Nous entendons par espace expressif de la culture, tous les lieux ou institutions regroupant des personnes qui s’unissent pour exprimer l’aspect affectif et/ou intellectuel. Nous incluons dans cette optique, les institutions éducatives telles que l’école, instituts de formation, les théâtres, les cinémas, les espaces sportifs tels que les stades, les piscines et les lieux de loisir tels que les endroits de détente et de distraction. Ce sont les différents moyens concrets qui permettent à la personne de libérer le trop-plein d’excitation et assurent, dans le meilleur des cas, une sublimation créatrice.

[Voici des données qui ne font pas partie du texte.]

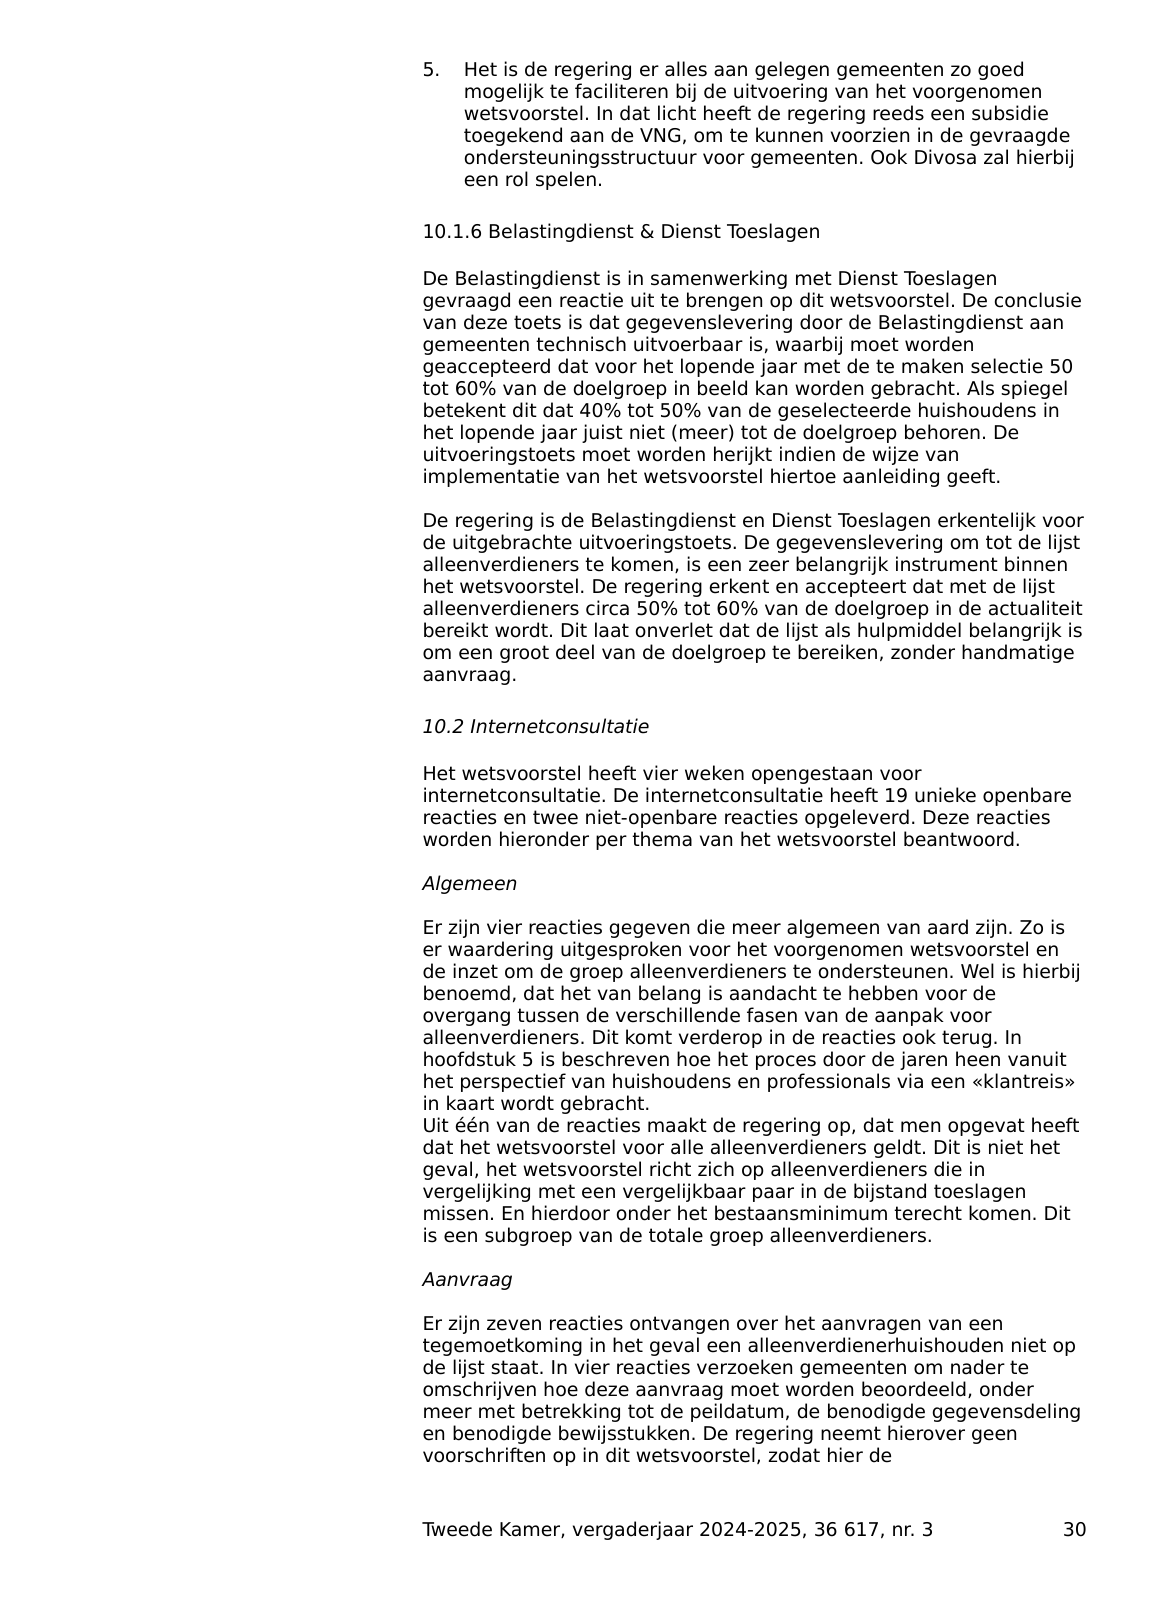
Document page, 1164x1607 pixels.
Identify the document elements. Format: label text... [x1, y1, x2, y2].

text Er zijn vier reacties gegeven die meer algemeen van aard zijn. Zo is er waardering uitgesproken voor het voorgenomen wetsvoorstel en de inzet om de groep alleenverdieners te ondersteunen. Wel is hierbij benoemd, dat het van belang is aandacht te hebben voor de overgang tussen de verschillende fasen van de aanpak voor alleenverdieners. Dit komt verderop in de reacties ook terug. In hoofdstuk 5 is beschreven hoe het proces door de jaren heen vanuit het perspectief van huishoudens en professionals via een «klantreis» in kaart wordt gebracht. [422, 917, 1087, 1115]
text Uit één van de reacties maakt de regering op, dat men opgevat heeft dat het wetsvoorstel voor alle alleenverdieners geldt. Dit is niet het geval, het wetsvoorstel richt zich op alleenverdieners die in vergelijking met een vergelijkbaar paar in de bijstand toeslagen missen. En hierdoor onder het bestaansminimum terecht komen. Dit is een subgroep van de totale groep alleenverdieners. [422, 1115, 1087, 1247]
text Het wetsvoorstel heeft vier weken opengestaan voor internetconsultatie. De internetconsultatie heeft 19 unieke openbare reacties en twee niet-openbare reacties opgeleverd. Deze reacties worden hieronder per thema van het wetsvoorstel beantwoord. [422, 763, 1087, 851]
text De Belastingdienst is in samenwerking met Dienst Toeslagen gevraagd een reactie uit te brengen op dit wetsvoorstel. De conclusie van deze toets is dat gegevenslevering door de Belastingdienst aan gemeenten technisch uitvoerbaar is, waarbij moet worden geaccepteerd dat voor het lopende jaar met de te maken selectie 50 tot 60% van de doelgroep in beeld kan worden gebracht. Als spiegel betekent dit dat 40% tot 50% van de geselecteerde huishoudens in het lopende jaar juist niet (meer) tot de doelgroep behoren. De uitvoeringstoets moet worden herijkt indien de wijze van implementatie van het wetsvoorstel hiertoe aanleiding geeft. [422, 268, 1087, 488]
text De regering is de Belastingdienst en Dienst Toeslagen erkentelijk voor de uitgebrachte uitvoeringstoets. De gegevenslevering om tot de lijst alleenverdieners te komen, is een zeer belangrijk instrument binnen het wetsvoorstel. De regering erkent en accepteert dat met de lijst alleenverdieners circa 50% tot 60% van de doelgroep in de actualiteit bereikt wordt. Dit laat onverlet dat de lijst als hulpmiddel belangrijk is om een groot deel van de doelgroep te bereiken, zonder handmatige aanvraag. [422, 510, 1087, 686]
subtitle Algemeen [422, 873, 1087, 895]
subtitle 10.1.6 Belastingdienst & Dienst Toeslagen [422, 221, 1087, 243]
text Er zijn zeven reacties ontvangen over het aanvragen van een tegemoetkoming in het geval een alleenverdienerhuishouden niet op de lijst staat. In vier reacties verzoeken gemeenten om nader te omschrijven hoe deze aanvraag moet worden beoordeeld, onder meer met betrekking tot de peildatum, de benodigde gegevensdeling en benodigde bewijsstukken. De regering neemt hierover geen voorschriften op in dit wetsvoorstel, zodat hier de [422, 1313, 1087, 1467]
subtitle 10.2 Internetconsultatie [422, 716, 1087, 738]
subtitle Aanvraag [422, 1269, 1087, 1291]
text 5. Het is de regering er alles aan gelegen gemeenten zo goed mogelijk te faciliteren bij de uitvoering van het voorgenomen wetsvoorstel. In dat licht heeft de regering reeds een subsidie toegekend aan de VNG, om te kunnen voorzien in de gevraagde ondersteuningsstructuur voor gemeenten. Ook Divosa zal hierbij een rol spelen. [422, 59, 1087, 191]

Pour étayer ces propos, nous nous référons à D. Winnicott (1975) qui reste parmi les chercheurs qui ont exploré avec grand intérêt l’espace transitionnel vécu par le petit enfant avec sa mère et développé, par la suite, par les différents milieux. Le phénomène transitionnel auquel l’auteur fait référence peut se désigner par les endroits où la personne peut marquer une pause qui lui permet de mentaliser ce qu’elle a appris, de renouveler son énergie pour se préparer à fournir de nouveaux efforts. « J’ai employé le terme d’expérience culturelle en y voyant une extension de l’idée de phénomène transitionnel et de jeu… ». (D. Winnicott 1975, p. 137) L’auteur précise, plus loin, que « la place où se situe l’expérience culturelle (…) est l’espace potentiel entre l’individu et son environnement » (Ibid. p. 139). Cela veut dire que le vécu de la personne en dehors de son milieu familial inclut les différentes institutions fréquentées par le sujet du primaire jusqu’à l’université et au-delà. Ce sont des espaces transitionnels qui aident le sujet à se propulser vers l’équilibre et la réussite.

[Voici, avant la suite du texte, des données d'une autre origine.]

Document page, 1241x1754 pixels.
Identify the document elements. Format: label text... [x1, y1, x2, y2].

Mais est-ce que ces espaces sont suffisamment disponibles dans notre milieu ? Nous n’avons pas besoin de faire une étude sur le terrain pour montrer que la réponse est loin d’être satisfaisante. L’observation clinique spontanée et les plaintes présentées par les sujets lors des consultations suffisent pour affirmer tristement que tous ces espaces sont remarquablement insuffisants. Même ceux qui existent sont mal exploités ou carrément détournés de leurs vocations initiales. Il n’y a qu’à prendre l’exemple des salles de cinéma à Alger-Centre. Il y avait une quarantaine de salles avant l’indépendance du pays en 1962. On se retrouve seulement avec 4 ou 5 salles, alors que la population actuelle est 10 fois plus importante.

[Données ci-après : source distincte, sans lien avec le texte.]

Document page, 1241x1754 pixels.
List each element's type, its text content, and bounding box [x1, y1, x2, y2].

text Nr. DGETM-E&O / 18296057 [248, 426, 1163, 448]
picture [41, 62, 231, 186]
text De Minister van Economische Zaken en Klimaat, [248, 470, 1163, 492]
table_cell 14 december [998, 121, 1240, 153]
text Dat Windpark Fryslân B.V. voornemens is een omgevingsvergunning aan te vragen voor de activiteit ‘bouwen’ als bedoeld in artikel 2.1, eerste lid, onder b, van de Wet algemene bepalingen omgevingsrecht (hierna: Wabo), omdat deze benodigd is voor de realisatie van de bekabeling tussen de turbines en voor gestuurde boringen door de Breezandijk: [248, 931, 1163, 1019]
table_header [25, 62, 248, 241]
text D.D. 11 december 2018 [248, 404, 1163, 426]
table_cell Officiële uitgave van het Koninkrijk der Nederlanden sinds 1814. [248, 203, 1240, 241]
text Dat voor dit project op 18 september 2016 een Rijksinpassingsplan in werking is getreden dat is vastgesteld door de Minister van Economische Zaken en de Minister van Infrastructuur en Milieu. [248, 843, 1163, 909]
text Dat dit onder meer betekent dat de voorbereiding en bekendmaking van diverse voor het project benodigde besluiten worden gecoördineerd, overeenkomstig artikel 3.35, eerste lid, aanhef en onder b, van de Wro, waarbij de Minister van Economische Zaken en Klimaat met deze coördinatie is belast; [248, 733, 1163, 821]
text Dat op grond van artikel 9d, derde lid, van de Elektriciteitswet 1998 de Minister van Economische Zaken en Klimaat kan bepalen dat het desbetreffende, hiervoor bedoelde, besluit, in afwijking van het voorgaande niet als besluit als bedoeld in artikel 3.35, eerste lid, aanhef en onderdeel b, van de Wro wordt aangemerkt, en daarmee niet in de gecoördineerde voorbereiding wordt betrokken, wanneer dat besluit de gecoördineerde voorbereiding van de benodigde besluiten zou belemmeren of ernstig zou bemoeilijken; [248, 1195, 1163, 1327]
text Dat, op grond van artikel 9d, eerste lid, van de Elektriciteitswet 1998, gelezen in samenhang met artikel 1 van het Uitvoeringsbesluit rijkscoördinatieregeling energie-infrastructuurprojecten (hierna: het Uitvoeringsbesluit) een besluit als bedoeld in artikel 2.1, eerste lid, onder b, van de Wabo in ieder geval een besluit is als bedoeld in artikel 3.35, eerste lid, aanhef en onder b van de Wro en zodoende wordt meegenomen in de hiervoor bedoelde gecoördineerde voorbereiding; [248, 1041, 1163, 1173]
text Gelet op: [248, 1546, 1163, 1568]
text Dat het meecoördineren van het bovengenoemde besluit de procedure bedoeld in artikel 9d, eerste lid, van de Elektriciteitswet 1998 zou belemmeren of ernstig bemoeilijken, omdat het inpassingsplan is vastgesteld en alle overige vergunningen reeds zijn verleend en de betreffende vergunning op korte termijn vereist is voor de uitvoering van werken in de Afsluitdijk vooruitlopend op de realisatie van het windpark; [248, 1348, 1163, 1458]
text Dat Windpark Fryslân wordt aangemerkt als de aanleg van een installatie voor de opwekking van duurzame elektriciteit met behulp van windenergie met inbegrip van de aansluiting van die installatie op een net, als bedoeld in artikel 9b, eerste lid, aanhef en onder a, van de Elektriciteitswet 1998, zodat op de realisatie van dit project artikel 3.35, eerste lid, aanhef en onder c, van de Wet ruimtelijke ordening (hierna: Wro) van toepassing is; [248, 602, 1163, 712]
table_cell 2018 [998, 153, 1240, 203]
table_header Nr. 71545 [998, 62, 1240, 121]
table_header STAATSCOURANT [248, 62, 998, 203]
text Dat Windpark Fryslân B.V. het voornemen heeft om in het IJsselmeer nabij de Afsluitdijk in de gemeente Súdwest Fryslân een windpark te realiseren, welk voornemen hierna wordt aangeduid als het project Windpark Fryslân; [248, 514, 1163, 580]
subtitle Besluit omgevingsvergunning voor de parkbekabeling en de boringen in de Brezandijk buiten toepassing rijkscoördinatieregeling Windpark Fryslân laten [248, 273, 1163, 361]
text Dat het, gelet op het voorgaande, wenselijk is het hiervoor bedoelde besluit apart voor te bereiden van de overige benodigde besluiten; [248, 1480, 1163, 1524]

Tout compte fait, et suite à ce constat désolant, nous ne pouvons pas nous attendre à un équilibre psychique individuel ou collectif alors qu’une partie importante constituant l’équilibre de la personne est amputée. Ce n’est pas étonnant donc de voir une augmentation constante des mécanismes rigides tels que la répression, le refoulement et le clivage utilisés comme défense contre l’angoisse du vide.